[Stored data entries]

--- START ---

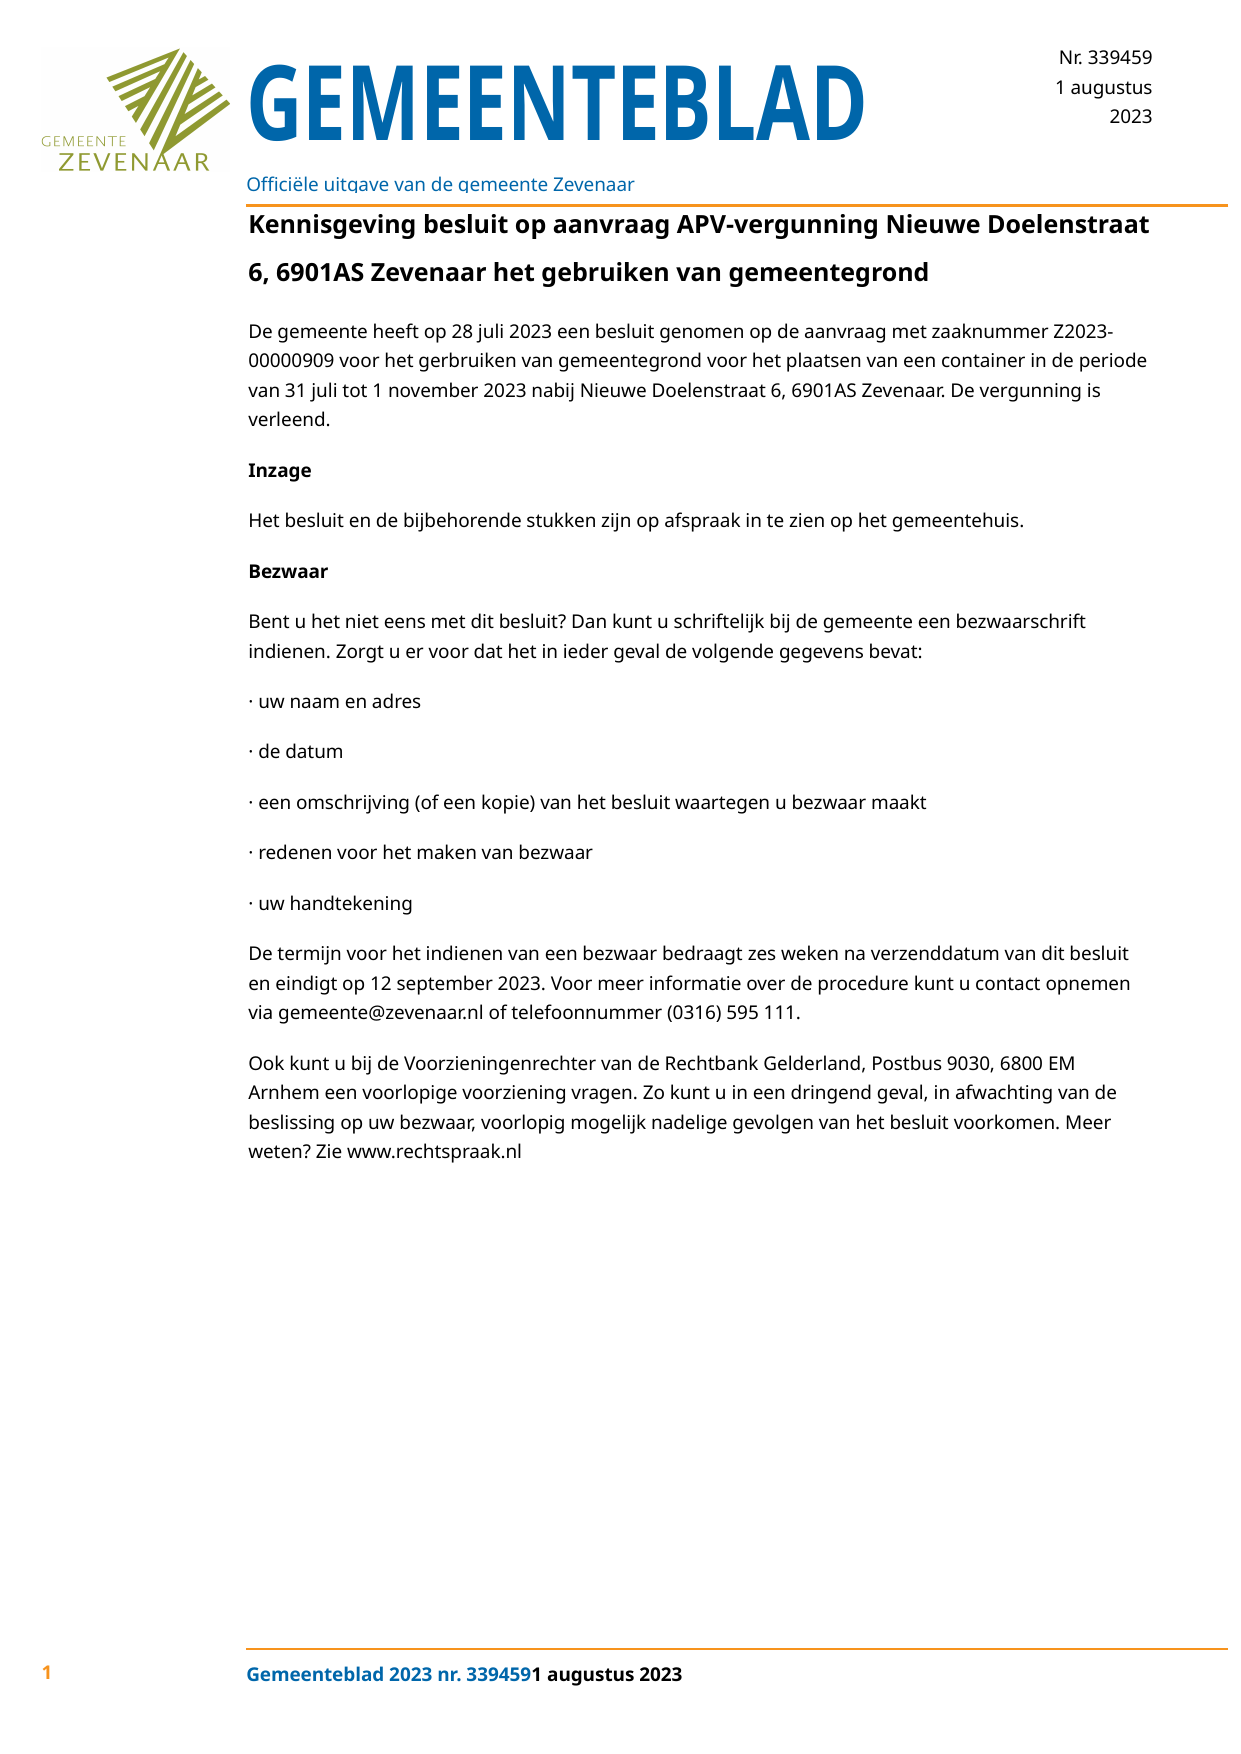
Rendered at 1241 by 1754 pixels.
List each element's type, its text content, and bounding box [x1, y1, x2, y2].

text · een omschrijving (of een kopie) van het besluit waartegen u bezwaar maakt [248, 789, 1152, 815]
text De termijn voor het indienen van een bezwaar bedraagt zes weken na verzenddatum van dit besluit en eindigt op 12 september 2023. Voor meer informatie over de procedure kunt u contact opnemen via gemeente@zevenaar.nl of telefoonnummer (0316) 595 111. [248, 940, 1152, 1025]
text Bent u het niet eens met dit besluit? Dan kunt u schriftelijk bij de gemeente een bezwaarschrift indienen. Zorgt u er voor dat het in ieder geval de volgende gegevens bevat: [248, 608, 1152, 664]
text Het besluit en de bijbehorende stukken zijn op afspraak in te zien op het gemeentehuis. [248, 507, 1152, 533]
text Bezwaar [248, 558, 1152, 584]
text · uw handtekening [248, 890, 1152, 916]
text De gemeente heeft op 28 juli 2023 een besluit genomen op de aanvraag met zaaknummer Z2023-00000909 voor het gerbruiken van gemeentegrond voor het plaatsen van een container in de periode van 31 juli tot 1 november 2023 nabij Nieuwe Doelenstraat 6, 6901AS Zevenaar. De vergunning is verleend. [248, 318, 1152, 432]
text Ook kunt u bij de Voorzieningenrechter van de Rechtbank Gelderland, Postbus 9030, 6800 EM Arnhem een voorlopige voorziening vragen. Zo kunt u in een dringend geval, in afwachting van de beslissing op uw bezwaar, voorlopig mogelijk nadelige gevolgen van het besluit voorkomen. Meer weten? Zie www.rechtspraak.nl [248, 1050, 1152, 1164]
text · uw naam en adres [248, 688, 1152, 714]
text · redenen voor het maken van bezwaar [248, 839, 1152, 865]
text Kennisgeving besluit op aanvraag APV-vergunning Nieuwe Doelenstraat 6, 6901AS Zevenaar het gebruiken van gemeentegrond [248, 207, 1152, 288]
picture [41, 47, 231, 172]
text Inzage [248, 457, 1152, 483]
text · de datum [248, 739, 1152, 764]
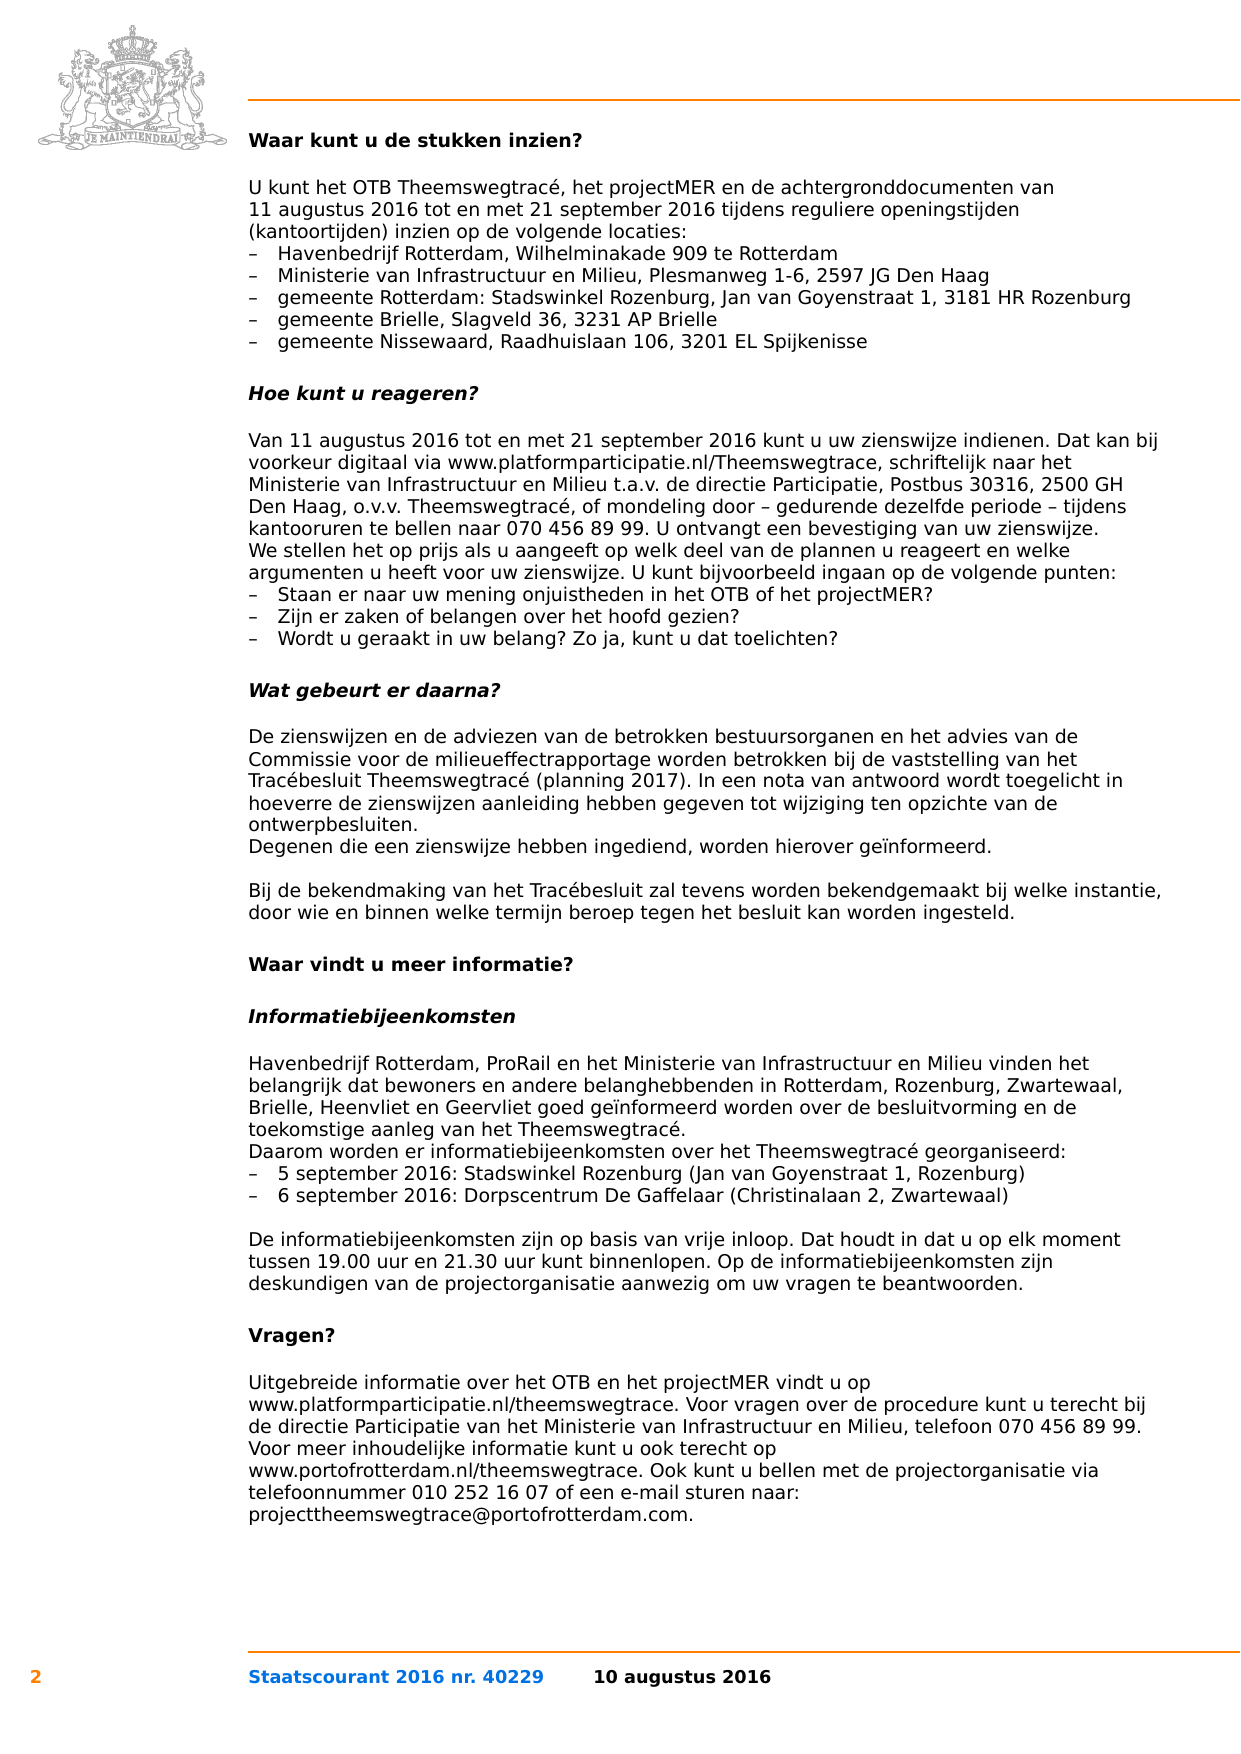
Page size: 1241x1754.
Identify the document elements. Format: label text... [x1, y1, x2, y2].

text – Havenbedrijf Rotterdam, Wilhelminakade 909 te Rotterdam [248, 243, 1163, 265]
text Uitgebreide informatie over het OTB en het projectMER vindt u op www.platformparticipatie.nl/theemswegtrace. Voor vragen over de procedure kunt u terecht bij de directie Participatie van het Ministerie van Infrastructuur en Milieu, telefoon 070 456 89 99. [248, 1372, 1163, 1438]
text – gemeente Brielle, Slagveld 36, 3231 AP Brielle [248, 309, 1163, 331]
text De informatiebijeenkomsten zijn op basis van vrije inloop. Dat houdt in dat u op elk moment tussen 19.00 uur en 21.30 uur kunt binnenlopen. Op de informatiebijeenkomsten zijn deskundigen van de projectorganisatie aanwezig om uw vragen te beantwoorden. [248, 1229, 1163, 1295]
text Havenbedrijf Rotterdam, ProRail en het Ministerie van Infrastructuur en Milieu vinden het belangrijk dat bewoners en andere belanghebbenden in Rotterdam, Rozenburg, Zwartewaal, Brielle, Heenvliet en Geervliet goed geïnformeerd worden over de besluitvorming en de toekomstige aanleg van het Theemswegtracé. [248, 1053, 1163, 1141]
text – 6 september 2016: Dorpscentrum De Gaffelaar (Christinalaan 2, Zwartewaal) [248, 1185, 1163, 1207]
text De zienswijzen en de adviezen van de betrokken bestuursorganen en het advies van de Commissie voor de milieueffectrapportage worden betrokken bij de vaststelling van het Tracébesluit Theemswegtracé (planning 2017). In een nota van antwoord wordt toegelicht in hoeverre de zienswijzen aanleiding hebben gegeven tot wijziging ten opzichte van de ontwerpbesluiten. [248, 726, 1163, 836]
text – gemeente Rotterdam: Stadswinkel Rozenburg, Jan van Goyenstraat 1, 3181 HR Rozenburg [248, 287, 1163, 309]
subtitle Hoe kunt u reageren? [248, 383, 1163, 405]
subtitle Informatiebijeenkomsten [248, 1006, 1163, 1028]
text – Ministerie van Infrastructuur en Milieu, Plesmanweg 1-6, 2597 JG Den Haag [248, 265, 1163, 287]
text Degenen die een zienswijze hebben ingediend, worden hierover geïnformeerd. [248, 836, 1163, 858]
subtitle Waar kunt u de stukken inzien? [248, 130, 1163, 152]
text – Zijn er zaken of belangen over het hoofd gezien? [248, 606, 1163, 627]
subtitle Waar vindt u meer informatie? [248, 954, 1163, 976]
text – 5 september 2016: Stadswinkel Rozenburg (Jan van Goyenstraat 1, Rozenburg) [248, 1163, 1163, 1185]
text We stellen het op prijs als u aangeeft op welk deel van de plannen u reageert en welke argumenten u heeft voor uw zienswijze. U kunt bijvoorbeeld ingaan op de volgende punten: [248, 539, 1163, 583]
text U kunt het OTB Theemswegtracé, het projectMER en de achtergronddocumenten van 11 augustus 2016 tot en met 21 september 2016 tijdens reguliere openingstijden (kantoortijden) inzien op de volgende locaties: [248, 177, 1163, 243]
text Bij de bekendmaking van het Tracébesluit zal tevens worden bekendgemaakt bij welke instantie, door wie en binnen welke termijn beroep tegen het besluit kan worden ingesteld. [248, 880, 1163, 924]
picture [38, 25, 227, 150]
text – gemeente Nissewaard, Raadhuislaan 106, 3201 EL Spijkenisse [248, 331, 1163, 353]
text – Wordt u geraakt in uw belang? Zo ja, kunt u dat toelichten? [248, 627, 1163, 649]
text Van 11 augustus 2016 tot en met 21 september 2016 kunt u uw zienswijze indienen. Dat kan bij voorkeur digitaal via www.platformparticipatie.nl/Theemswegtrace, schriftelijk naar het Ministerie van Infrastructuur en Milieu t.a.v. de directie Participatie, Postbus 30316, 2500 GH Den Haag, o.v.v. Theemswegtracé, of mondeling door – gedurende dezelfde periode – tijdens kantooruren te bellen naar 070 456 89 99. U ontvangt een bevestiging van uw zienswijze. [248, 430, 1163, 539]
text – Staan er naar uw mening onjuistheden in het OTB of het projectMER? [248, 583, 1163, 606]
subtitle Wat gebeurt er daarna? [248, 679, 1163, 701]
subtitle Vragen? [248, 1325, 1163, 1347]
text Voor meer inhoudelijke informatie kunt u ook terecht op www.portofrotterdam.nl/theemswegtrace. Ook kunt u bellen met de projectorganisatie via telefoonnummer 010 252 16 07 of een e-mail sturen naar: projecttheemswegtrace@portofrotterdam.com. [248, 1438, 1163, 1526]
text Daarom worden er informatiebijeenkomsten over het Theemswegtracé georganiseerd: [248, 1141, 1163, 1163]

--- END ---

(WHAT YOU HAVE TO DO):
Print nothing except the lines above from the one containing "text · uw naam en adres [248, 688, 1152, 714]" down to the one containing "text – 6 september", both included, exactly as written and free of pictures.

(ANSWER FOR THE TASK):
text · uw naam en adres [248, 688, 1152, 714]
text · redenen voor het maken van bezwaar [248, 839, 1152, 865]
text Kennisgeving besluit op aanvraag APV-vergunning Nieuwe Doelenstraat 6, 6901AS Zevenaar het gebruiken van gemeentegrond [248, 207, 1152, 288]
picture [41, 47, 231, 172]
text Inzage [248, 457, 1152, 483]
text · de datum [248, 739, 1152, 764]
Page size: 1241x1754.
Identify the document elements. Format: label text... [x1, y1, x2, y2].

text – Havenbedrijf Rotterdam, Wilhelminakade 909 te Rotterdam [248, 243, 1163, 265]
text Uitgebreide informatie over het OTB en het projectMER vindt u op www.platformparticipatie.nl/theemswegtrace. Voor vragen over de procedure kunt u terecht bij de directie Participatie van het Ministerie van Infrastructuur en Milieu, telefoon 070 456 89 99. [248, 1372, 1163, 1438]
text – gemeente Brielle, Slagveld 36, 3231 AP Brielle [248, 309, 1163, 331]
text De informatiebijeenkomsten zijn op basis van vrije inloop. Dat houdt in dat u op elk moment tussen 19.00 uur en 21.30 uur kunt binnenlopen. Op de informatiebijeenkomsten zijn deskundigen van de projectorganisatie aanwezig om uw vragen te beantwoorden. [248, 1229, 1163, 1295]
text Havenbedrijf Rotterdam, ProRail en het Ministerie van Infrastructuur en Milieu vinden het belangrijk dat bewoners en andere belanghebbenden in Rotterdam, Rozenburg, Zwartewaal, Brielle, Heenvliet en Geervliet goed geïnformeerd worden over de besluitvorming en de toekomstige aanleg van het Theemswegtracé. [248, 1053, 1163, 1141]
text – 6 september 2016: Dorpscentrum De Gaffelaar (Christinalaan 2, Zwartewaal) [248, 1185, 1163, 1207]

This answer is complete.